▸ **Work required**:
Return the entries below word for word. No picture belongs in the copy.

[Data excerpts]
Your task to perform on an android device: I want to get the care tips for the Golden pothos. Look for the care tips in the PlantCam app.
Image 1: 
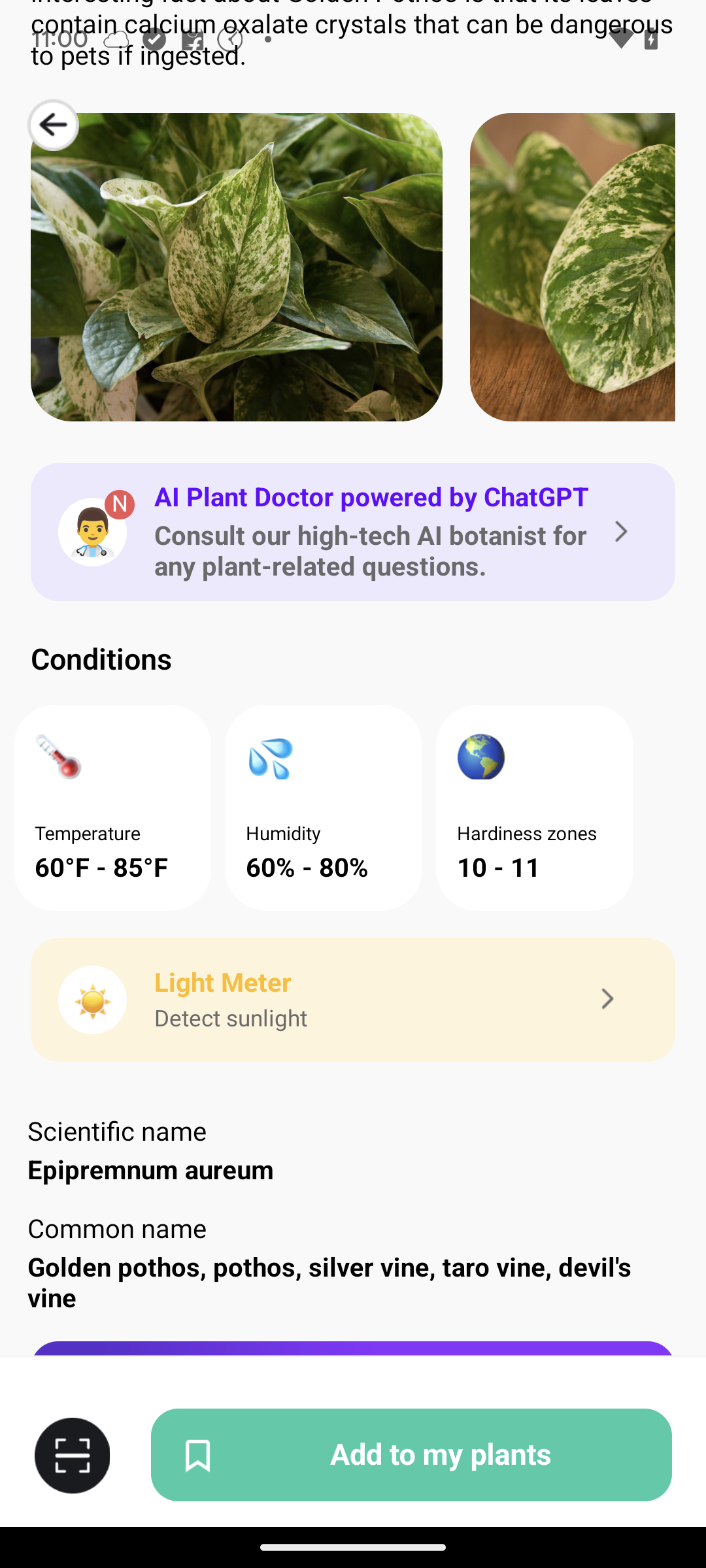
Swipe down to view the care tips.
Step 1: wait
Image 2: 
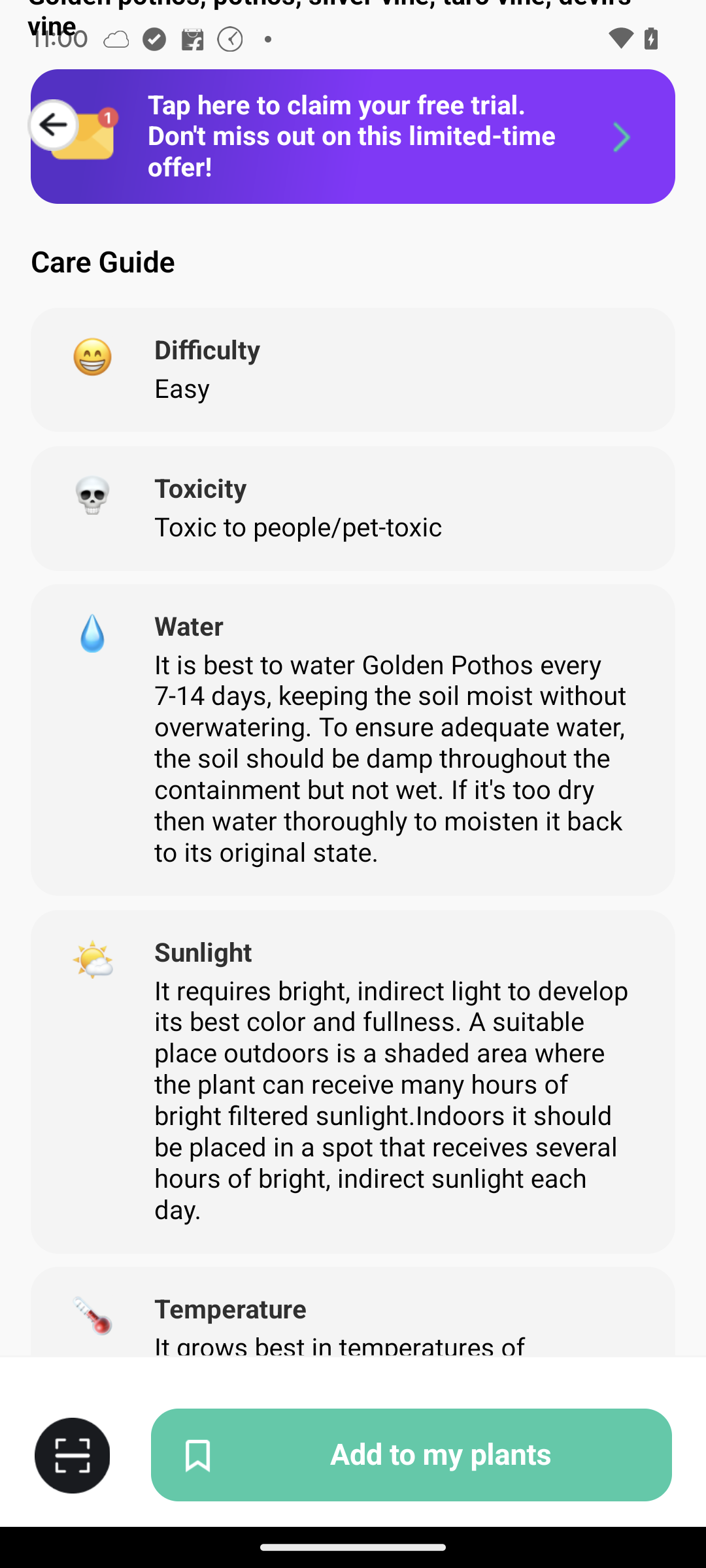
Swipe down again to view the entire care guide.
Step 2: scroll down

▸ **The answer**:
Your task to perform on an android device: I want to get the care tips for the Golden pothos. Look for the care tips in the PlantCam app.
Image 1: 
Swipe down to view the care tips.
Step 1: wait
Image 2: 
Swipe down again to view the entire care guide.
Step 2: scroll down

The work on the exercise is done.